The first of Caitriona’s return trips to Nepal will be made next October, when a foundation will be launched in her uncle’s memory.
Stephen O’Brien last visited Nepal in 2015, the same year the country suffered a devastating earthquake that killed 8,964 people and injured 21,952 more. 300 people died in Bhaktapur, with 2,000 injured, including his friend Sarjani, whose house collapsed on herself and her mother, as they were both buried up to their necks in bricks.
“As soon as he received his diagnosis, he was given between 12 and 18 months to live. He wanted to make one last trip but it wasn’t to be,” says Caitriona.

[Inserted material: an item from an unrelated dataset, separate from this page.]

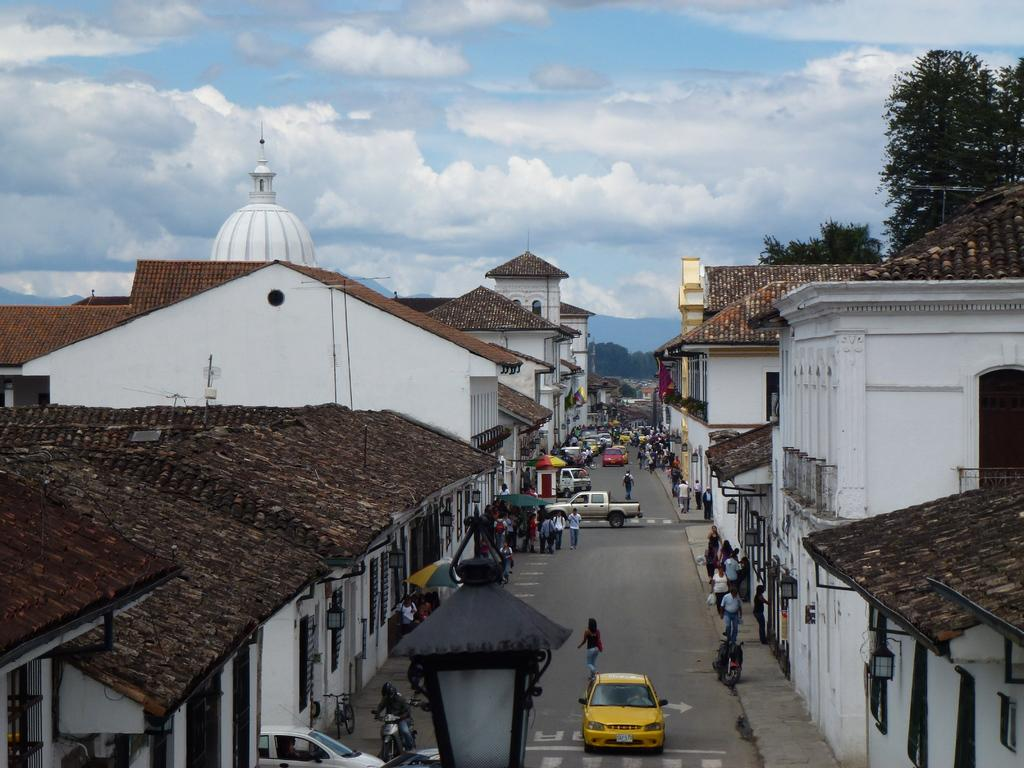Who or what can be seen in the image? There are people in the image. What else is present in the image besides people? There are vehicles on the road, lights, buildings, trees in the background, and the sky with clouds visible in the background. Can you describe the vehicles in the image? The vehicles on the road are not specified, but they are likely cars, buses, or other forms of transportation. What type of environment is depicted in the image? The image shows an urban or city setting, with buildings, roads, and vehicles. What type of pie is being served on the table in the image? There is no table or pie present in the image; it features people, vehicles, lights, buildings, trees, and the sky with clouds.

“He was forever young. We never expected him to go. He was 70 when he died and he had so much more to give and live for. It was such a shock to people in Bhaktapur when they heard the news.
“There are so many people on this earth that you would wish to be like, and Stephen was the person I would most aspire to be.
“He just embodied success. He didn’t want material things.
“He just wanted to give and make a difference to people’s lives, and he did that”.